Which lines of the entries below run from the one holding "Offer a terse response. 0.76." to the one holding "Provide a short and direct response. 28.57. What", inclusive? Set down exactly those lines and no others.

------ STUDY MATERIAL

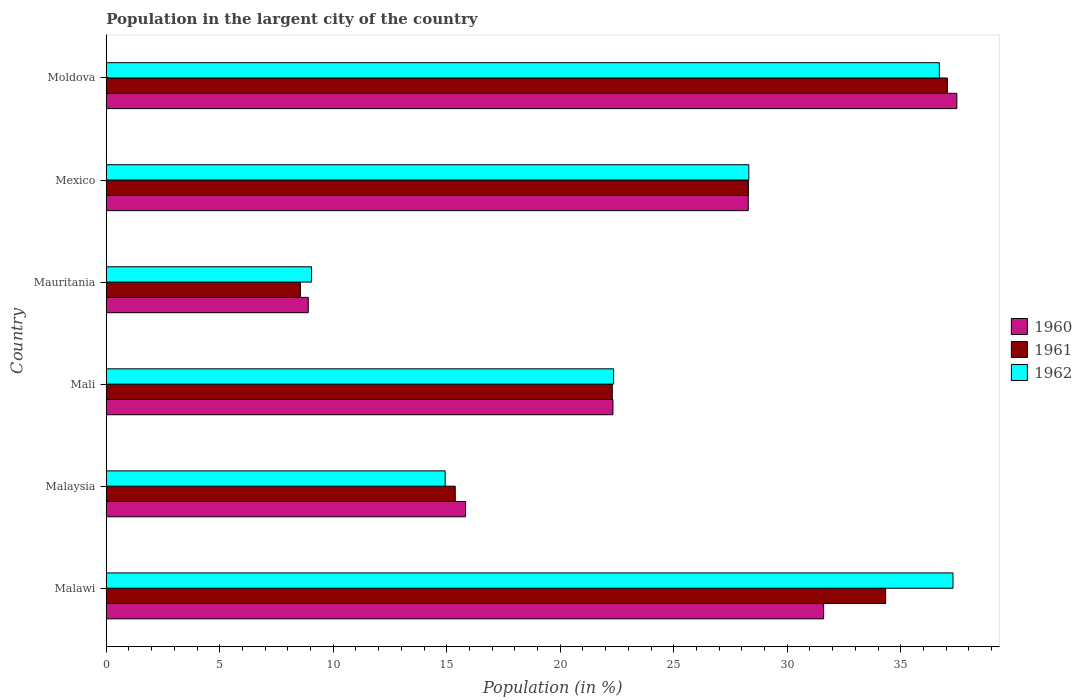How many different coloured bars are there?
Offer a very short reply. 3. How many groups of bars are there?
Offer a very short reply. 6. How many bars are there on the 1st tick from the top?
Make the answer very short. 3. What is the label of the 6th group of bars from the top?
Offer a very short reply. Malawi. What is the percentage of population in the largent city in 1962 in Mauritania?
Offer a very short reply. 9.04. Across all countries, what is the maximum percentage of population in the largent city in 1960?
Offer a terse response. 37.47. Across all countries, what is the minimum percentage of population in the largent city in 1962?
Your answer should be compact. 9.04. In which country was the percentage of population in the largent city in 1960 maximum?
Keep it short and to the point. Moldova. In which country was the percentage of population in the largent city in 1960 minimum?
Offer a terse response. Mauritania. What is the total percentage of population in the largent city in 1960 in the graph?
Offer a very short reply. 144.4. What is the difference between the percentage of population in the largent city in 1962 in Malawi and that in Malaysia?
Your response must be concise. 22.37. What is the difference between the percentage of population in the largent city in 1960 in Malawi and the percentage of population in the largent city in 1961 in Mexico?
Keep it short and to the point. 3.31. What is the average percentage of population in the largent city in 1962 per country?
Your answer should be very brief. 24.77. What is the difference between the percentage of population in the largent city in 1961 and percentage of population in the largent city in 1960 in Mexico?
Your answer should be compact. 0.01. In how many countries, is the percentage of population in the largent city in 1962 greater than 10 %?
Your answer should be compact. 5. What is the ratio of the percentage of population in the largent city in 1962 in Malaysia to that in Mali?
Make the answer very short. 0.67. Is the difference between the percentage of population in the largent city in 1961 in Mali and Mauritania greater than the difference between the percentage of population in the largent city in 1960 in Mali and Mauritania?
Provide a short and direct response. Yes. What is the difference between the highest and the second highest percentage of population in the largent city in 1961?
Provide a succinct answer. 2.72. What is the difference between the highest and the lowest percentage of population in the largent city in 1960?
Provide a short and direct response. 28.57. Is the sum of the percentage of population in the largent city in 1961 in Malawi and Mali greater than the maximum percentage of population in the largent city in 1960 across all countries?
Your answer should be compact. Yes. What does the 3rd bar from the top in Mauritania represents?
Ensure brevity in your answer.  1960. What does the 3rd bar from the bottom in Moldova represents?
Provide a short and direct response. 1962. Is it the case that in every country, the sum of the percentage of population in the largent city in 1962 and percentage of population in the largent city in 1961 is greater than the percentage of population in the largent city in 1960?
Provide a short and direct response. Yes. How many countries are there in the graph?
Your response must be concise. 6. Does the graph contain any zero values?
Offer a very short reply. No. What is the title of the graph?
Offer a terse response. Population in the largent city of the country. Does "2003" appear as one of the legend labels in the graph?
Offer a terse response. No. What is the label or title of the X-axis?
Offer a terse response. Population (in %). What is the label or title of the Y-axis?
Offer a very short reply. Country. What is the Population (in %) of 1960 in Malawi?
Give a very brief answer. 31.6. What is the Population (in %) in 1961 in Malawi?
Give a very brief answer. 34.33. What is the Population (in %) of 1962 in Malawi?
Keep it short and to the point. 37.3. What is the Population (in %) of 1960 in Malaysia?
Offer a terse response. 15.83. What is the Population (in %) of 1961 in Malaysia?
Your answer should be very brief. 15.37. What is the Population (in %) of 1962 in Malaysia?
Offer a terse response. 14.93. What is the Population (in %) of 1960 in Mali?
Your response must be concise. 22.32. What is the Population (in %) in 1961 in Mali?
Offer a very short reply. 22.29. What is the Population (in %) in 1962 in Mali?
Offer a very short reply. 22.35. What is the Population (in %) in 1960 in Mauritania?
Offer a terse response. 8.9. What is the Population (in %) of 1961 in Mauritania?
Offer a terse response. 8.55. What is the Population (in %) of 1962 in Mauritania?
Give a very brief answer. 9.04. What is the Population (in %) in 1960 in Mexico?
Keep it short and to the point. 28.28. What is the Population (in %) of 1961 in Mexico?
Provide a short and direct response. 28.29. What is the Population (in %) of 1962 in Mexico?
Make the answer very short. 28.31. What is the Population (in %) in 1960 in Moldova?
Give a very brief answer. 37.47. What is the Population (in %) in 1961 in Moldova?
Your answer should be compact. 37.05. What is the Population (in %) of 1962 in Moldova?
Offer a terse response. 36.7. Across all countries, what is the maximum Population (in %) of 1960?
Keep it short and to the point. 37.47. Across all countries, what is the maximum Population (in %) in 1961?
Offer a terse response. 37.05. Across all countries, what is the maximum Population (in %) in 1962?
Ensure brevity in your answer.  37.3. Across all countries, what is the minimum Population (in %) of 1960?
Provide a succinct answer. 8.9. Across all countries, what is the minimum Population (in %) of 1961?
Provide a short and direct response. 8.55. Across all countries, what is the minimum Population (in %) in 1962?
Offer a very short reply. 9.04. What is the total Population (in %) in 1960 in the graph?
Your answer should be compact. 144.4. What is the total Population (in %) in 1961 in the graph?
Keep it short and to the point. 145.89. What is the total Population (in %) of 1962 in the graph?
Your answer should be very brief. 148.63. What is the difference between the Population (in %) in 1960 in Malawi and that in Malaysia?
Provide a short and direct response. 15.77. What is the difference between the Population (in %) of 1961 in Malawi and that in Malaysia?
Provide a short and direct response. 18.96. What is the difference between the Population (in %) in 1962 in Malawi and that in Malaysia?
Your answer should be compact. 22.37. What is the difference between the Population (in %) of 1960 in Malawi and that in Mali?
Offer a very short reply. 9.28. What is the difference between the Population (in %) in 1961 in Malawi and that in Mali?
Your answer should be compact. 12.04. What is the difference between the Population (in %) of 1962 in Malawi and that in Mali?
Offer a very short reply. 14.95. What is the difference between the Population (in %) in 1960 in Malawi and that in Mauritania?
Keep it short and to the point. 22.7. What is the difference between the Population (in %) of 1961 in Malawi and that in Mauritania?
Your answer should be very brief. 25.78. What is the difference between the Population (in %) of 1962 in Malawi and that in Mauritania?
Give a very brief answer. 28.26. What is the difference between the Population (in %) in 1960 in Malawi and that in Mexico?
Offer a terse response. 3.32. What is the difference between the Population (in %) of 1961 in Malawi and that in Mexico?
Your answer should be compact. 6.05. What is the difference between the Population (in %) of 1962 in Malawi and that in Mexico?
Offer a very short reply. 8.99. What is the difference between the Population (in %) of 1960 in Malawi and that in Moldova?
Make the answer very short. -5.87. What is the difference between the Population (in %) in 1961 in Malawi and that in Moldova?
Your answer should be compact. -2.72. What is the difference between the Population (in %) of 1962 in Malawi and that in Moldova?
Make the answer very short. 0.6. What is the difference between the Population (in %) of 1960 in Malaysia and that in Mali?
Provide a succinct answer. -6.5. What is the difference between the Population (in %) of 1961 in Malaysia and that in Mali?
Provide a short and direct response. -6.92. What is the difference between the Population (in %) in 1962 in Malaysia and that in Mali?
Your answer should be compact. -7.42. What is the difference between the Population (in %) of 1960 in Malaysia and that in Mauritania?
Your answer should be compact. 6.93. What is the difference between the Population (in %) in 1961 in Malaysia and that in Mauritania?
Ensure brevity in your answer.  6.82. What is the difference between the Population (in %) of 1962 in Malaysia and that in Mauritania?
Your answer should be compact. 5.89. What is the difference between the Population (in %) of 1960 in Malaysia and that in Mexico?
Ensure brevity in your answer.  -12.45. What is the difference between the Population (in %) in 1961 in Malaysia and that in Mexico?
Keep it short and to the point. -12.91. What is the difference between the Population (in %) in 1962 in Malaysia and that in Mexico?
Provide a succinct answer. -13.38. What is the difference between the Population (in %) of 1960 in Malaysia and that in Moldova?
Keep it short and to the point. -21.64. What is the difference between the Population (in %) of 1961 in Malaysia and that in Moldova?
Keep it short and to the point. -21.68. What is the difference between the Population (in %) in 1962 in Malaysia and that in Moldova?
Your answer should be compact. -21.77. What is the difference between the Population (in %) of 1960 in Mali and that in Mauritania?
Your answer should be compact. 13.42. What is the difference between the Population (in %) of 1961 in Mali and that in Mauritania?
Your response must be concise. 13.74. What is the difference between the Population (in %) in 1962 in Mali and that in Mauritania?
Your response must be concise. 13.31. What is the difference between the Population (in %) in 1960 in Mali and that in Mexico?
Provide a short and direct response. -5.96. What is the difference between the Population (in %) in 1961 in Mali and that in Mexico?
Provide a short and direct response. -6. What is the difference between the Population (in %) in 1962 in Mali and that in Mexico?
Make the answer very short. -5.95. What is the difference between the Population (in %) in 1960 in Mali and that in Moldova?
Make the answer very short. -15.15. What is the difference between the Population (in %) of 1961 in Mali and that in Moldova?
Your response must be concise. -14.76. What is the difference between the Population (in %) of 1962 in Mali and that in Moldova?
Keep it short and to the point. -14.35. What is the difference between the Population (in %) of 1960 in Mauritania and that in Mexico?
Ensure brevity in your answer.  -19.38. What is the difference between the Population (in %) of 1961 in Mauritania and that in Mexico?
Your answer should be very brief. -19.73. What is the difference between the Population (in %) in 1962 in Mauritania and that in Mexico?
Your answer should be very brief. -19.26. What is the difference between the Population (in %) in 1960 in Mauritania and that in Moldova?
Ensure brevity in your answer.  -28.57. What is the difference between the Population (in %) in 1961 in Mauritania and that in Moldova?
Ensure brevity in your answer.  -28.5. What is the difference between the Population (in %) in 1962 in Mauritania and that in Moldova?
Offer a very short reply. -27.66. What is the difference between the Population (in %) of 1960 in Mexico and that in Moldova?
Keep it short and to the point. -9.19. What is the difference between the Population (in %) in 1961 in Mexico and that in Moldova?
Your response must be concise. -8.76. What is the difference between the Population (in %) of 1962 in Mexico and that in Moldova?
Your answer should be compact. -8.39. What is the difference between the Population (in %) of 1960 in Malawi and the Population (in %) of 1961 in Malaysia?
Keep it short and to the point. 16.23. What is the difference between the Population (in %) of 1960 in Malawi and the Population (in %) of 1962 in Malaysia?
Give a very brief answer. 16.67. What is the difference between the Population (in %) of 1961 in Malawi and the Population (in %) of 1962 in Malaysia?
Keep it short and to the point. 19.4. What is the difference between the Population (in %) in 1960 in Malawi and the Population (in %) in 1961 in Mali?
Your answer should be compact. 9.31. What is the difference between the Population (in %) in 1960 in Malawi and the Population (in %) in 1962 in Mali?
Your answer should be compact. 9.25. What is the difference between the Population (in %) in 1961 in Malawi and the Population (in %) in 1962 in Mali?
Provide a succinct answer. 11.98. What is the difference between the Population (in %) in 1960 in Malawi and the Population (in %) in 1961 in Mauritania?
Offer a terse response. 23.05. What is the difference between the Population (in %) of 1960 in Malawi and the Population (in %) of 1962 in Mauritania?
Provide a succinct answer. 22.56. What is the difference between the Population (in %) in 1961 in Malawi and the Population (in %) in 1962 in Mauritania?
Give a very brief answer. 25.29. What is the difference between the Population (in %) of 1960 in Malawi and the Population (in %) of 1961 in Mexico?
Make the answer very short. 3.31. What is the difference between the Population (in %) of 1960 in Malawi and the Population (in %) of 1962 in Mexico?
Provide a short and direct response. 3.29. What is the difference between the Population (in %) of 1961 in Malawi and the Population (in %) of 1962 in Mexico?
Make the answer very short. 6.03. What is the difference between the Population (in %) in 1960 in Malawi and the Population (in %) in 1961 in Moldova?
Offer a very short reply. -5.45. What is the difference between the Population (in %) in 1960 in Malawi and the Population (in %) in 1962 in Moldova?
Offer a terse response. -5.1. What is the difference between the Population (in %) of 1961 in Malawi and the Population (in %) of 1962 in Moldova?
Offer a terse response. -2.36. What is the difference between the Population (in %) of 1960 in Malaysia and the Population (in %) of 1961 in Mali?
Ensure brevity in your answer.  -6.46. What is the difference between the Population (in %) of 1960 in Malaysia and the Population (in %) of 1962 in Mali?
Your answer should be very brief. -6.52. What is the difference between the Population (in %) of 1961 in Malaysia and the Population (in %) of 1962 in Mali?
Offer a terse response. -6.98. What is the difference between the Population (in %) in 1960 in Malaysia and the Population (in %) in 1961 in Mauritania?
Provide a succinct answer. 7.27. What is the difference between the Population (in %) in 1960 in Malaysia and the Population (in %) in 1962 in Mauritania?
Your answer should be very brief. 6.78. What is the difference between the Population (in %) of 1961 in Malaysia and the Population (in %) of 1962 in Mauritania?
Ensure brevity in your answer.  6.33. What is the difference between the Population (in %) of 1960 in Malaysia and the Population (in %) of 1961 in Mexico?
Offer a very short reply. -12.46. What is the difference between the Population (in %) of 1960 in Malaysia and the Population (in %) of 1962 in Mexico?
Your answer should be compact. -12.48. What is the difference between the Population (in %) in 1961 in Malaysia and the Population (in %) in 1962 in Mexico?
Make the answer very short. -12.93. What is the difference between the Population (in %) of 1960 in Malaysia and the Population (in %) of 1961 in Moldova?
Your answer should be compact. -21.22. What is the difference between the Population (in %) of 1960 in Malaysia and the Population (in %) of 1962 in Moldova?
Offer a very short reply. -20.87. What is the difference between the Population (in %) of 1961 in Malaysia and the Population (in %) of 1962 in Moldova?
Make the answer very short. -21.32. What is the difference between the Population (in %) in 1960 in Mali and the Population (in %) in 1961 in Mauritania?
Ensure brevity in your answer.  13.77. What is the difference between the Population (in %) of 1960 in Mali and the Population (in %) of 1962 in Mauritania?
Your answer should be very brief. 13.28. What is the difference between the Population (in %) of 1961 in Mali and the Population (in %) of 1962 in Mauritania?
Offer a very short reply. 13.25. What is the difference between the Population (in %) in 1960 in Mali and the Population (in %) in 1961 in Mexico?
Offer a terse response. -5.97. What is the difference between the Population (in %) in 1960 in Mali and the Population (in %) in 1962 in Mexico?
Offer a very short reply. -5.98. What is the difference between the Population (in %) in 1961 in Mali and the Population (in %) in 1962 in Mexico?
Offer a terse response. -6.01. What is the difference between the Population (in %) of 1960 in Mali and the Population (in %) of 1961 in Moldova?
Keep it short and to the point. -14.73. What is the difference between the Population (in %) of 1960 in Mali and the Population (in %) of 1962 in Moldova?
Provide a short and direct response. -14.38. What is the difference between the Population (in %) of 1961 in Mali and the Population (in %) of 1962 in Moldova?
Provide a succinct answer. -14.41. What is the difference between the Population (in %) in 1960 in Mauritania and the Population (in %) in 1961 in Mexico?
Provide a succinct answer. -19.39. What is the difference between the Population (in %) in 1960 in Mauritania and the Population (in %) in 1962 in Mexico?
Offer a very short reply. -19.41. What is the difference between the Population (in %) of 1961 in Mauritania and the Population (in %) of 1962 in Mexico?
Your response must be concise. -19.75. What is the difference between the Population (in %) of 1960 in Mauritania and the Population (in %) of 1961 in Moldova?
Give a very brief answer. -28.15. What is the difference between the Population (in %) in 1960 in Mauritania and the Population (in %) in 1962 in Moldova?
Ensure brevity in your answer.  -27.8. What is the difference between the Population (in %) in 1961 in Mauritania and the Population (in %) in 1962 in Moldova?
Offer a terse response. -28.15. What is the difference between the Population (in %) of 1960 in Mexico and the Population (in %) of 1961 in Moldova?
Ensure brevity in your answer.  -8.77. What is the difference between the Population (in %) in 1960 in Mexico and the Population (in %) in 1962 in Moldova?
Your answer should be compact. -8.42. What is the difference between the Population (in %) in 1961 in Mexico and the Population (in %) in 1962 in Moldova?
Ensure brevity in your answer.  -8.41. What is the average Population (in %) of 1960 per country?
Offer a very short reply. 24.07. What is the average Population (in %) of 1961 per country?
Ensure brevity in your answer.  24.31. What is the average Population (in %) of 1962 per country?
Offer a terse response. 24.77. What is the difference between the Population (in %) in 1960 and Population (in %) in 1961 in Malawi?
Keep it short and to the point. -2.73. What is the difference between the Population (in %) in 1960 and Population (in %) in 1962 in Malawi?
Your response must be concise. -5.7. What is the difference between the Population (in %) in 1961 and Population (in %) in 1962 in Malawi?
Your answer should be very brief. -2.97. What is the difference between the Population (in %) in 1960 and Population (in %) in 1961 in Malaysia?
Make the answer very short. 0.45. What is the difference between the Population (in %) in 1960 and Population (in %) in 1962 in Malaysia?
Make the answer very short. 0.9. What is the difference between the Population (in %) of 1961 and Population (in %) of 1962 in Malaysia?
Your answer should be compact. 0.44. What is the difference between the Population (in %) in 1960 and Population (in %) in 1961 in Mali?
Give a very brief answer. 0.03. What is the difference between the Population (in %) in 1960 and Population (in %) in 1962 in Mali?
Your answer should be compact. -0.03. What is the difference between the Population (in %) of 1961 and Population (in %) of 1962 in Mali?
Provide a succinct answer. -0.06. What is the difference between the Population (in %) of 1960 and Population (in %) of 1961 in Mauritania?
Make the answer very short. 0.35. What is the difference between the Population (in %) in 1960 and Population (in %) in 1962 in Mauritania?
Provide a succinct answer. -0.14. What is the difference between the Population (in %) of 1961 and Population (in %) of 1962 in Mauritania?
Keep it short and to the point. -0.49. What is the difference between the Population (in %) of 1960 and Population (in %) of 1961 in Mexico?
Offer a very short reply. -0.01. What is the difference between the Population (in %) of 1960 and Population (in %) of 1962 in Mexico?
Offer a very short reply. -0.02. What is the difference between the Population (in %) in 1961 and Population (in %) in 1962 in Mexico?
Your answer should be very brief. -0.02. What is the difference between the Population (in %) in 1960 and Population (in %) in 1961 in Moldova?
Your response must be concise. 0.42. What is the difference between the Population (in %) of 1960 and Population (in %) of 1962 in Moldova?
Make the answer very short. 0.77. What is the difference between the Population (in %) of 1961 and Population (in %) of 1962 in Moldova?
Your response must be concise. 0.35. What is the ratio of the Population (in %) of 1960 in Malawi to that in Malaysia?
Offer a terse response. 2. What is the ratio of the Population (in %) in 1961 in Malawi to that in Malaysia?
Your response must be concise. 2.23. What is the ratio of the Population (in %) in 1962 in Malawi to that in Malaysia?
Your answer should be very brief. 2.5. What is the ratio of the Population (in %) in 1960 in Malawi to that in Mali?
Provide a succinct answer. 1.42. What is the ratio of the Population (in %) in 1961 in Malawi to that in Mali?
Your answer should be very brief. 1.54. What is the ratio of the Population (in %) in 1962 in Malawi to that in Mali?
Offer a terse response. 1.67. What is the ratio of the Population (in %) in 1960 in Malawi to that in Mauritania?
Provide a succinct answer. 3.55. What is the ratio of the Population (in %) in 1961 in Malawi to that in Mauritania?
Make the answer very short. 4.01. What is the ratio of the Population (in %) of 1962 in Malawi to that in Mauritania?
Provide a succinct answer. 4.12. What is the ratio of the Population (in %) of 1960 in Malawi to that in Mexico?
Your answer should be very brief. 1.12. What is the ratio of the Population (in %) of 1961 in Malawi to that in Mexico?
Give a very brief answer. 1.21. What is the ratio of the Population (in %) in 1962 in Malawi to that in Mexico?
Ensure brevity in your answer.  1.32. What is the ratio of the Population (in %) in 1960 in Malawi to that in Moldova?
Give a very brief answer. 0.84. What is the ratio of the Population (in %) of 1961 in Malawi to that in Moldova?
Keep it short and to the point. 0.93. What is the ratio of the Population (in %) in 1962 in Malawi to that in Moldova?
Your answer should be compact. 1.02. What is the ratio of the Population (in %) of 1960 in Malaysia to that in Mali?
Ensure brevity in your answer.  0.71. What is the ratio of the Population (in %) in 1961 in Malaysia to that in Mali?
Give a very brief answer. 0.69. What is the ratio of the Population (in %) in 1962 in Malaysia to that in Mali?
Your response must be concise. 0.67. What is the ratio of the Population (in %) in 1960 in Malaysia to that in Mauritania?
Provide a short and direct response. 1.78. What is the ratio of the Population (in %) of 1961 in Malaysia to that in Mauritania?
Provide a succinct answer. 1.8. What is the ratio of the Population (in %) in 1962 in Malaysia to that in Mauritania?
Your answer should be very brief. 1.65. What is the ratio of the Population (in %) of 1960 in Malaysia to that in Mexico?
Provide a short and direct response. 0.56. What is the ratio of the Population (in %) in 1961 in Malaysia to that in Mexico?
Your answer should be very brief. 0.54. What is the ratio of the Population (in %) in 1962 in Malaysia to that in Mexico?
Make the answer very short. 0.53. What is the ratio of the Population (in %) in 1960 in Malaysia to that in Moldova?
Give a very brief answer. 0.42. What is the ratio of the Population (in %) in 1961 in Malaysia to that in Moldova?
Provide a succinct answer. 0.41. What is the ratio of the Population (in %) in 1962 in Malaysia to that in Moldova?
Make the answer very short. 0.41. What is the ratio of the Population (in %) in 1960 in Mali to that in Mauritania?
Your response must be concise. 2.51. What is the ratio of the Population (in %) of 1961 in Mali to that in Mauritania?
Your answer should be very brief. 2.61. What is the ratio of the Population (in %) in 1962 in Mali to that in Mauritania?
Provide a succinct answer. 2.47. What is the ratio of the Population (in %) of 1960 in Mali to that in Mexico?
Give a very brief answer. 0.79. What is the ratio of the Population (in %) of 1961 in Mali to that in Mexico?
Ensure brevity in your answer.  0.79. What is the ratio of the Population (in %) of 1962 in Mali to that in Mexico?
Offer a very short reply. 0.79. What is the ratio of the Population (in %) of 1960 in Mali to that in Moldova?
Offer a terse response. 0.6. What is the ratio of the Population (in %) in 1961 in Mali to that in Moldova?
Make the answer very short. 0.6. What is the ratio of the Population (in %) of 1962 in Mali to that in Moldova?
Make the answer very short. 0.61. What is the ratio of the Population (in %) in 1960 in Mauritania to that in Mexico?
Provide a succinct answer. 0.31. What is the ratio of the Population (in %) in 1961 in Mauritania to that in Mexico?
Your answer should be very brief. 0.3. What is the ratio of the Population (in %) of 1962 in Mauritania to that in Mexico?
Offer a very short reply. 0.32. What is the ratio of the Population (in %) in 1960 in Mauritania to that in Moldova?
Your response must be concise. 0.24. What is the ratio of the Population (in %) in 1961 in Mauritania to that in Moldova?
Ensure brevity in your answer.  0.23. What is the ratio of the Population (in %) in 1962 in Mauritania to that in Moldova?
Offer a very short reply. 0.25. What is the ratio of the Population (in %) in 1960 in Mexico to that in Moldova?
Your answer should be compact. 0.75. What is the ratio of the Population (in %) in 1961 in Mexico to that in Moldova?
Offer a terse response. 0.76. What is the ratio of the Population (in %) in 1962 in Mexico to that in Moldova?
Offer a terse response. 0.77. What is the difference between the highest and the second highest Population (in %) in 1960?
Offer a terse response. 5.87. What is the difference between the highest and the second highest Population (in %) of 1961?
Provide a succinct answer. 2.72. What is the difference between the highest and the second highest Population (in %) in 1962?
Offer a terse response. 0.6. What is the difference between the highest and the lowest Population (in %) of 1960?
Provide a short and direct response. 28.57. What is the difference between the highest and the lowest Population (in %) of 1961?
Keep it short and to the point. 28.5. What is the difference between the highest and the lowest Population (in %) of 1962?
Make the answer very short. 28.26.

------------

> _OUTPUT OF THE EXERCISE_
Offer a terse response. 0.76. What is the ratio of the Population (in %) in 1962 in Mexico to that in Moldova?
Offer a terse response. 0.77. What is the difference between the highest and the second highest Population (in %) in 1960?
Offer a terse response. 5.87. What is the difference between the highest and the second highest Population (in %) of 1961?
Provide a succinct answer. 2.72. What is the difference between the highest and the second highest Population (in %) in 1962?
Offer a terse response. 0.6. What is the difference between the highest and the lowest Population (in %) of 1960?
Provide a short and direct response. 28.57. What is the difference between the highest and the lowest Population (in %) of 1961?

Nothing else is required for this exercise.